Y llegamos a Florencia. La ciudad era tal como yo la había visto ya en cien cuadros y mil sueños: luminosa, extensa, cruzada por el río de aguas verdes y rodeada de un cinturón de colinas. La torre atrevida del Palazzo Vecchio parecía querer horadar el azul del cielo y todas las colinas circundantes tenían los colores blanco y rojo de la flor de sus árboles frutales. La vida toscana, con su animación y su inocencia, me pareció al principio una maravilla y luego me hallé en ella mucho más a gusto que si estuviera en mi propia casa. Perdíamos los días vagando por iglesias, plazas, callejas, logias y mercados y por las noches soñábamos en los jardines de las colinas, donde ya florecían los limoneros o en las pequeñas tabernas donde se servía el chianti. También pasamos horas inolvidables en los museos, en los conventos, en las bibliotecas y en las sacristías y tardes de eterno recuerdo en Fiesole, San Mimato, Settignano y Prato.
Tras un atinado concierto entre los dos, dejé a Richard por espacio de una semana y recorrí, solo como en los años de mi juventud, toda la ondulada campiña de Umbría. Seguía las huellas de San Francisco y en muchas ocasiones me pareció que el santo caminaba a mi lado, llena el alma de desbordante amor por cada pájaro, por cada arroyo, por cada rosal silvestre de los que crecían en las lindes del camino. Atravesé los pueblos claros y alegres, haciendo noche unas veces en ellos y otras andando hasta la salida del sol, en que caía rendido en un prado y dormía hasta bien entrada la tarde. Anduve cantando y sintiendo en mi interior toda la poesía de aquellos días. Festejé la Pascua en el mismo Asís, asistiendo a los oficios religiosos en la propia iglesia de mi amado santo.

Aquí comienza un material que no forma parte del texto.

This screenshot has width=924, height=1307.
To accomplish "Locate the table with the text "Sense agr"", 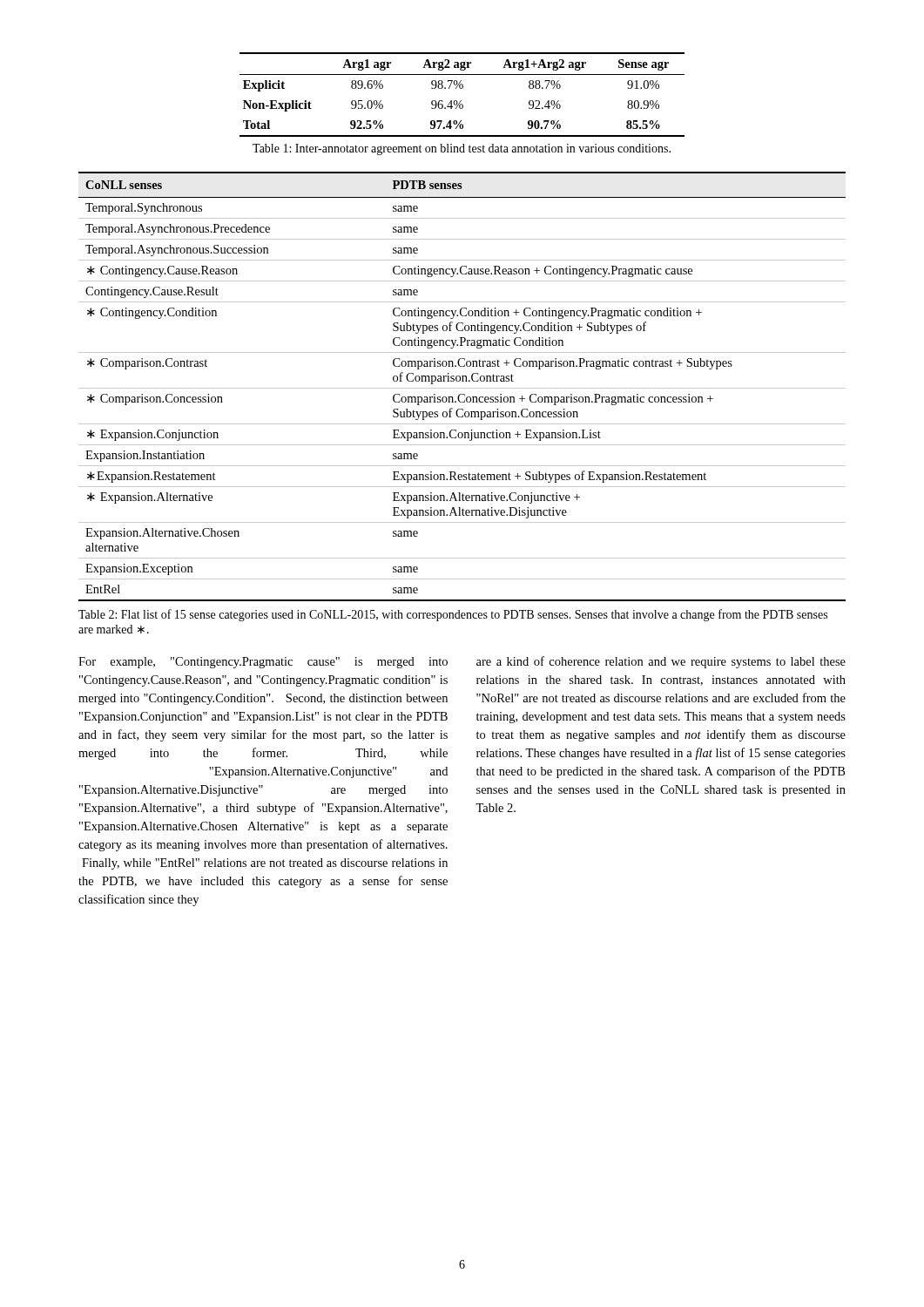I will tap(462, 95).

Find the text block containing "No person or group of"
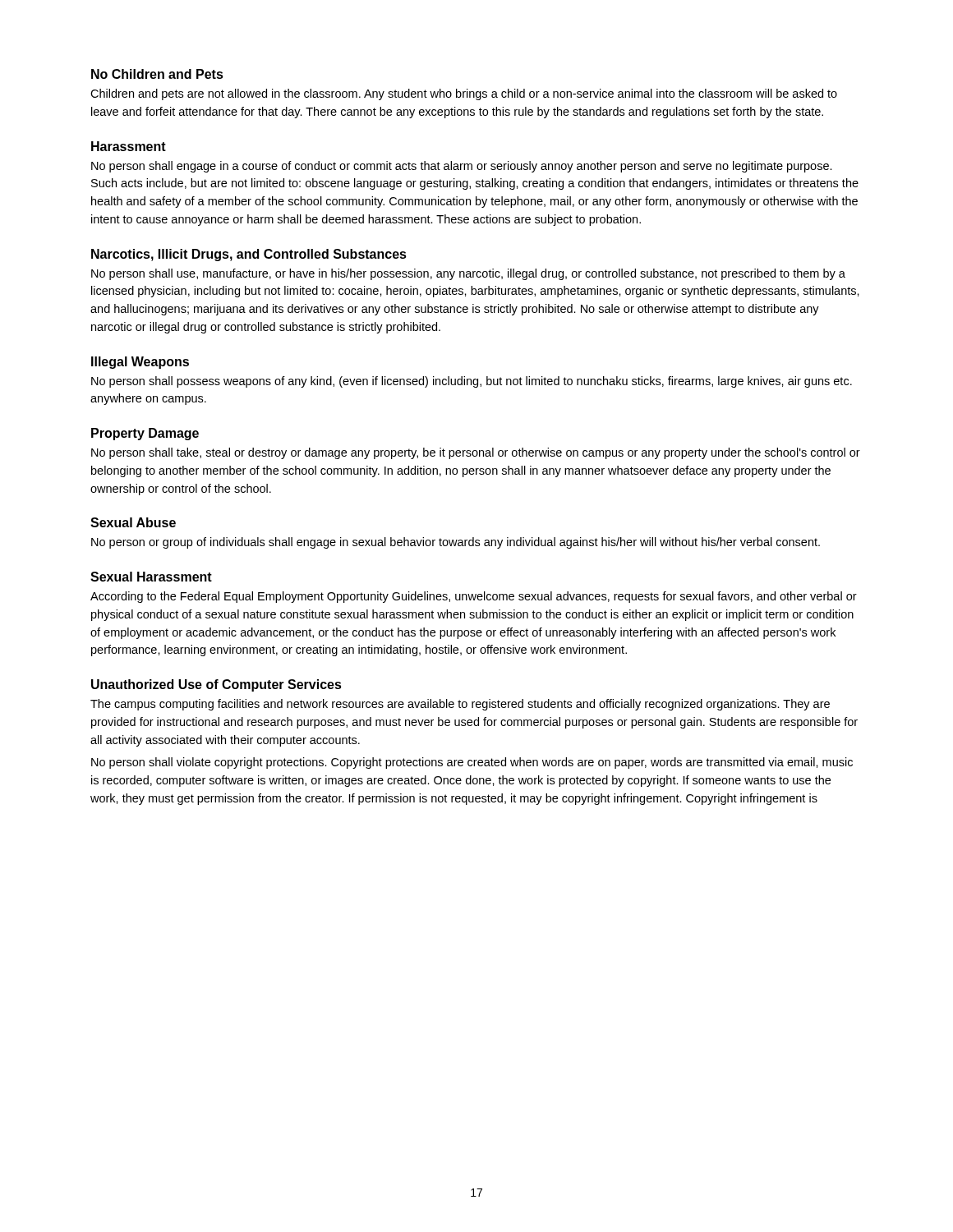pos(456,542)

Recuerdo con nostalgia aquella semana pasada en alegre caminar y me parece que los ocho días fueron coronación y crepúsculo de mi juventud. Cada día elevaba un himno de gracias al Señor por haber puesto en la tierra a las flores, a la hierba, al agua de los arroyos y de las fuentes y contemplaba el paisaje primaveral creyendo estar mirando en los propios ojos de Dios.

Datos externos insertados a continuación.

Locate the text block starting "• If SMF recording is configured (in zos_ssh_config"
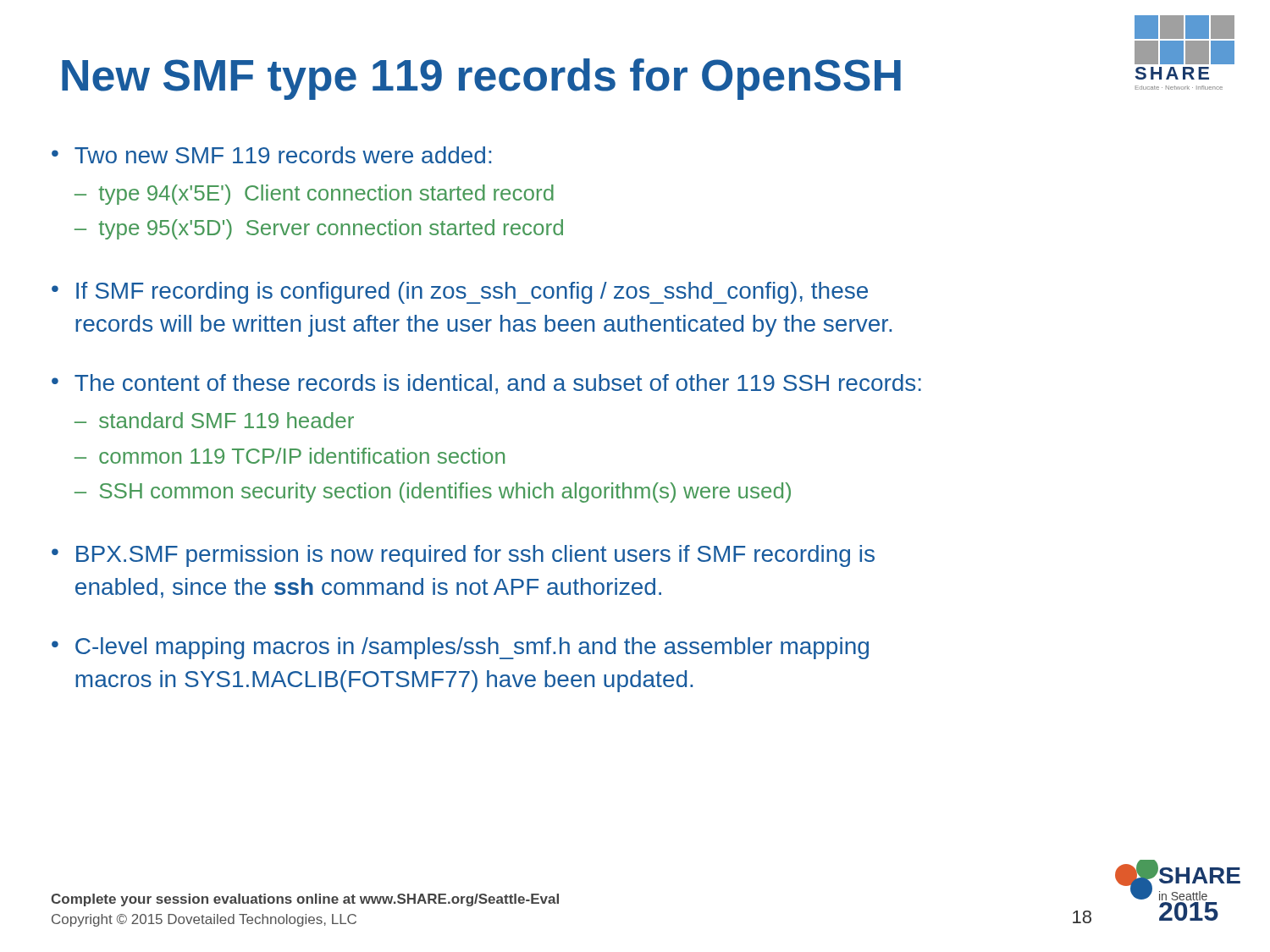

Si dediqué los días de mi recorrido por Umbría para reverenciar el recuerdo de Francisco de Asís, el «músico de Dios», en Florencia disfruté del constante recuerdo de la vida del Quatrocento. Ya en Zurich había escrito algunas sátiras sobre la forma de nuestra existencia actual, pero en Florencia me di cuenta por vez primera de toda la risible ridiculez de nuestra moderna cultura. Y también allí me acometió la sospecha de que acaso mí sino fuera ser durante toda mi vida un extraño para aquella sociedad a la que pertenecía. Y entonces sentí despertar en mí el deseo de la huida y durante unos días estuve tentado de quedarme en el Sur. Allí podía departir libremente con los hombres, allí alegraba mi ánimo la franqueza y la serenidad de la existencia, sobre la que resplandecía la tradición de una cultura y una historia clásicas.

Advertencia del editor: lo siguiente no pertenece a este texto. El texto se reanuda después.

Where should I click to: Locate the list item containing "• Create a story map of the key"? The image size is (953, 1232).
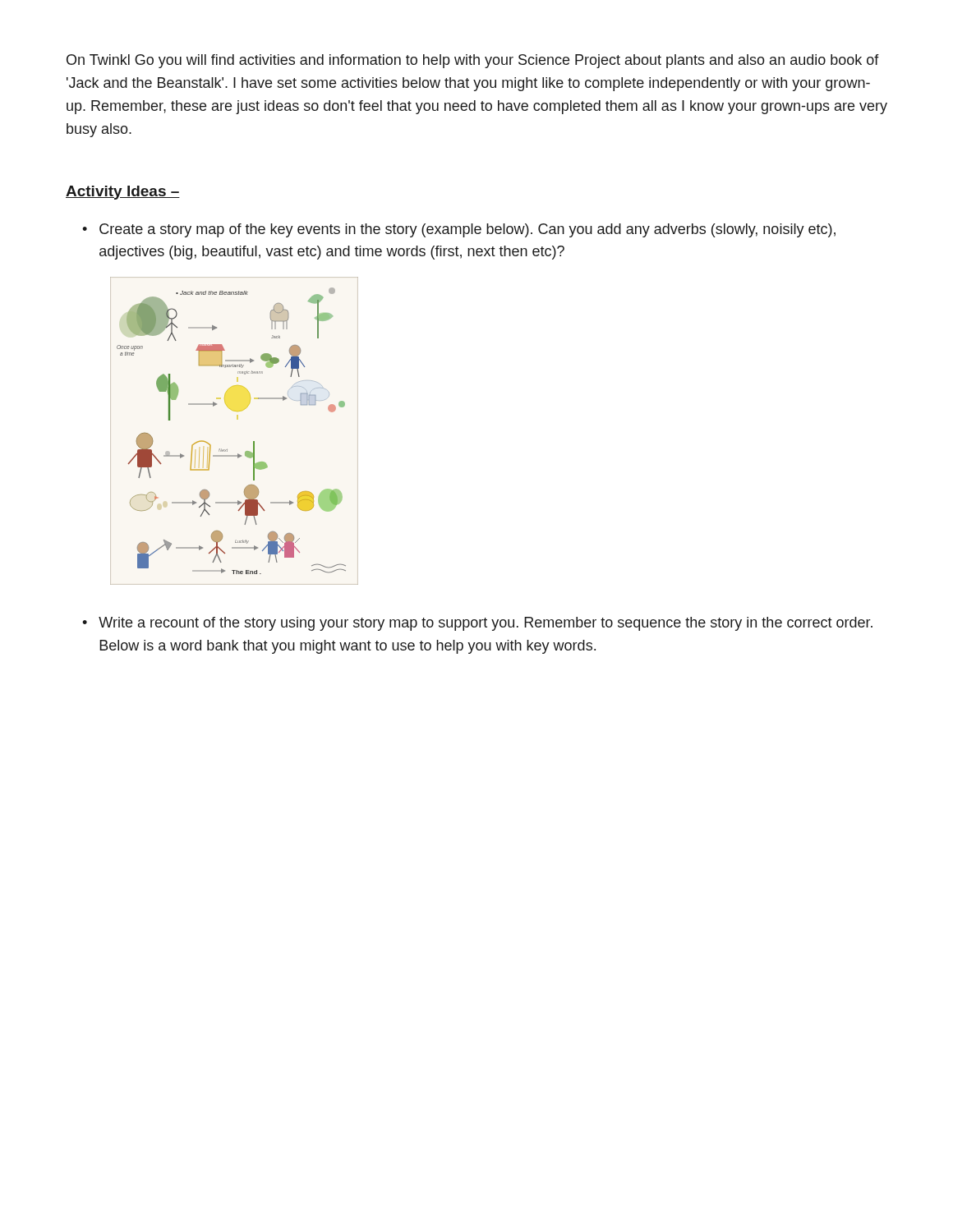coord(485,241)

Las semanas transcurrieron raudas y los últimos días de nuestra permanencia en Italia fueron melancólicos hasta para el propio Richard. Arrogantes y gozosos apuramos hasta la última gota de belleza y placer. Recorrimos el campo en todas direcciones y trabamos amistad con venteros, con monjes, con muchachas campesinas y modestos curas de pueblo, merendamos con las sencillas gentes de las aldeas, comimos pan y fruta con cualquier rapaz requemado y contemplamos las alturas de Toscana bañadas por la luz incomparable de la primavera, con el mar de Liguria como fondo azul e inamovible. Y ambos tuvimos entonces el mismo sentimiento de fortaleza, sintiéndonos capaces de abandonar aquella molicie feliz para salir al encuentro de una nueva vida. Trabajo, lucha, placer y gloria eran cosas que nos parecían tan cercanas y seguras que degustábamos los días felices sin ninguna prisa. Tampoco sentíamos angustia ante la cercana separación, que nos parecía fácil y transitoria, pues sabíamos con mayor seguridad que antes que nos éramos necesarios el uno al otro y que los dos teníamos nuestra existencia segura. "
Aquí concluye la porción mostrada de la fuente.